Peter Hayes, Warum? Eine Geschichte des Holocaust, Frankfurt/M. 2017 (Campus-Verlag), 445 S., Euro 29,95, Bestellen?

2 Kommentare

  1. „So bemerkt Hayes etwa, dass das Ãœberleben primär von der Einstellung der Bevölkerung gegenüber den Juden in den jeweiligen Ländern abhing.“

    Die Bayern hätten es, und hatten es, in den Händen gehabt – jüdische Leben zu retten.

    Sie bemerkten nämlich bei mindestens zwei Gelegenheiten, dass die Macht der sog. „Nazis“ nicht unbegrenzt war. Daniel Goldhagen hat es in seinem Buch „Die katholische Kirche und der Holocaust“ beschrieben:
    1934 entfernten die Nationalsozialisten den ihnen unbequem gewordenen evangelischen Landesbischof Meiser aus seinem Amt. Die Bayern protestierten derart vehement und regimebedrohlich, dass der (auch noch durch und durch antisemitische) Bischof reinstalliert werden musste.
    Ebenso 1941: Der bayerische Gauleiter Wagner, kein Freund der Kirchen, gab die Entfernung der Kreuze aus Münchner Schulen in Auftrag. Der Sturm der Entrüstung, der sich danach unter den zivilisatorisch zurückgebliebenen Südländern zusammenbraute, ließ bei Hitler derartige Ängste aufkeimen, die Bayern könnten ihm beim geplanten Angriff gegen die Sowjetunion nicht ihre volle Unterstützung leisten, dass er den Auftrag seines voreiligen Gauleiters höchstpersönlich rückgängig machte. Das Holzsymbol kam wieder in die Münchner Klassen, wo es heute noch hängt.

    Was wäre wohl geschehen, wenn die Bayern die Juden nicht derart abartig gehasst hätten, wie sie es taten, sondern sich gleich nach Erfolg des ersten Protestes 1934 mit ihren Juden solidarisch erklärt hätten? Ob dann noch die geplante Rassenpolitik hätte greifen können? Ob dann die Vernichtung immer noch ungehindert hätte ihren Lauf nehmen können? Auch noch 1941, nach Erfolg des zweiten Protestes, da befand sich Auschwitz noch im Bau oder wurde gerade fertig, hätte ein Proteststurm der Bayerischen gegen die Entfernungen (Deportationen) von Juden aus ihrer Umgebung, durchaus zumindest Störung des geplanten Ablaufs der Vernichtung bedeuten können…

    Die Bayern hätten/hatten es in der Hand gehabt.
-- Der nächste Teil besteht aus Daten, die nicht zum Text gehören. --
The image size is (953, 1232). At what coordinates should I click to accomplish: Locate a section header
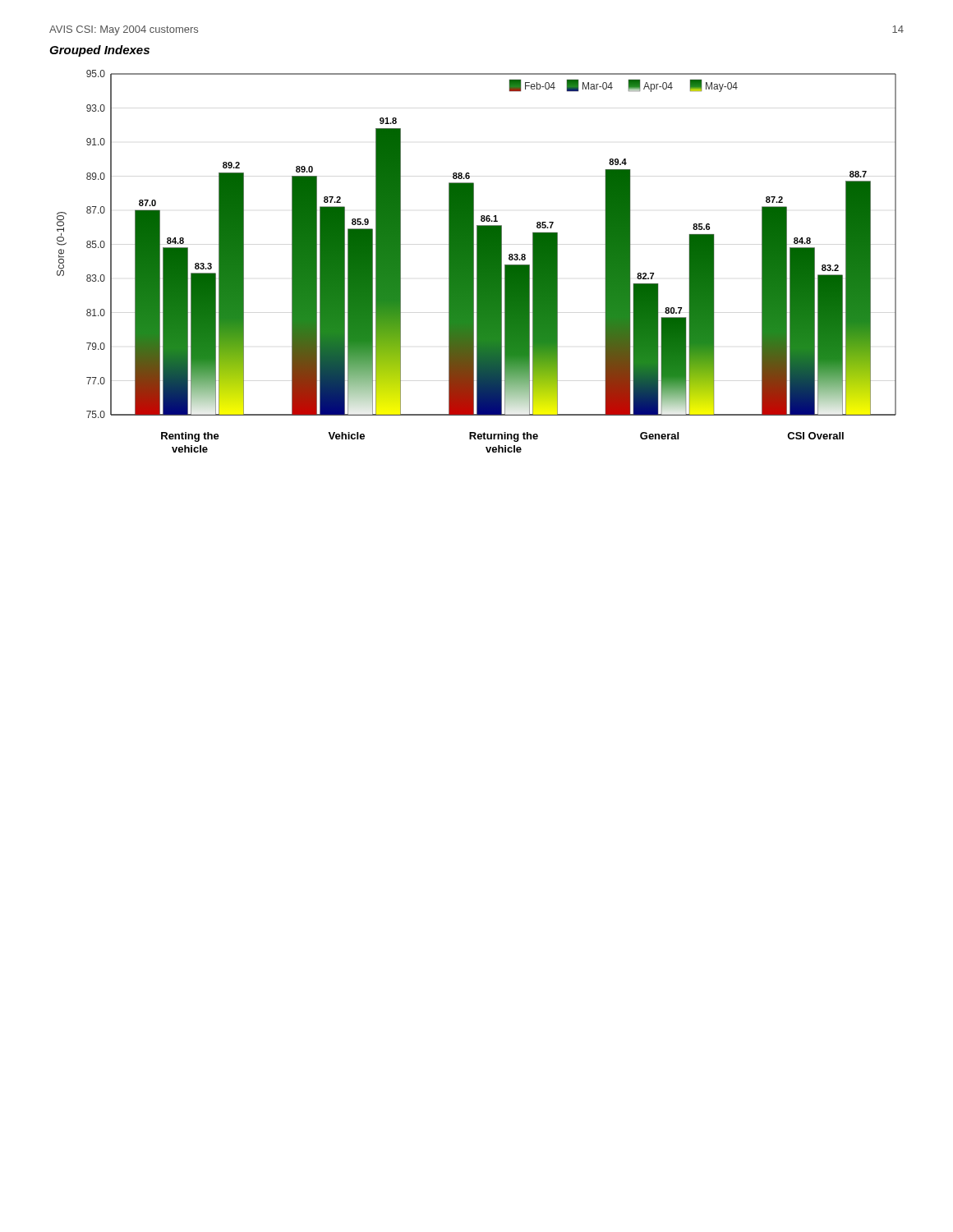click(100, 50)

Sie wussten genau wie ihr Hitler tickte, denn der kam ja aus ihrer Mitte.

  2. Zitat:
    Hayes geht dabei übrigens nicht davon aus, dass Antisemitismus ein herausragendes Motiv für die NSDAP-Wahl gewesen sei. Die meisten Deutschen seien erst Judenfeinde durch die Nationalsozialisten geworden.
    :Zitat-Ende

    Hayes ist ein angepasster Historiker, ein Mann des Establishments, jemand, der es sich mit den Eliten nicht verderben will, daher sagt er Dinge, die niemandem weh tun (sollen).

    Aber wie war das doch mit der 1000jährigen deutschen Pogromkultur, von der wir erst kürzlich auf diesem Kanal lesen konnten?
    Hier, zur Erinnerung: http://www.hagalil.com/2017/11/pogrome-in-deutschland/
    Gab es viele Länder die eine vergleichbare judenfeindliche Pogromkultur entwickelt haben?
    Gab es viele Länder in denen der schädliche Einfluss des christlichen Klerus (auch Luthers) derartigen, nachhaltigen, dauerhaften Hass hervorgebracht hat?
    Und wie ist das mit dem heutigen deutschen Juden-/Israelhass? Laut verschiedenen Angaben sind es 20 bis 50 % der Deutschen, die im zweiten Jahrzehnt des 21. Jahrhunderts immer noch mehr oder weniger stark antisemitisch eingestellt sind. Trotz einer beispiellosen Aufklärungskampagne seit nun schon drei Generationen. 20-50 % Antisemitismus sind jedenfalls mehr Prozent als in den meisten anderen westeuropäischen Ländern!

    An Hayes guten Absichten sind Zweifel angebracht. Auch er will nicht, dass Deutsche mal angestrengt über sich nachdenken. Denn dann kämen sie auf andere, beunruhigendere Erkenntnisse, Erkenntnisse, die den Herrschenden nicht in den Kram passen könnten.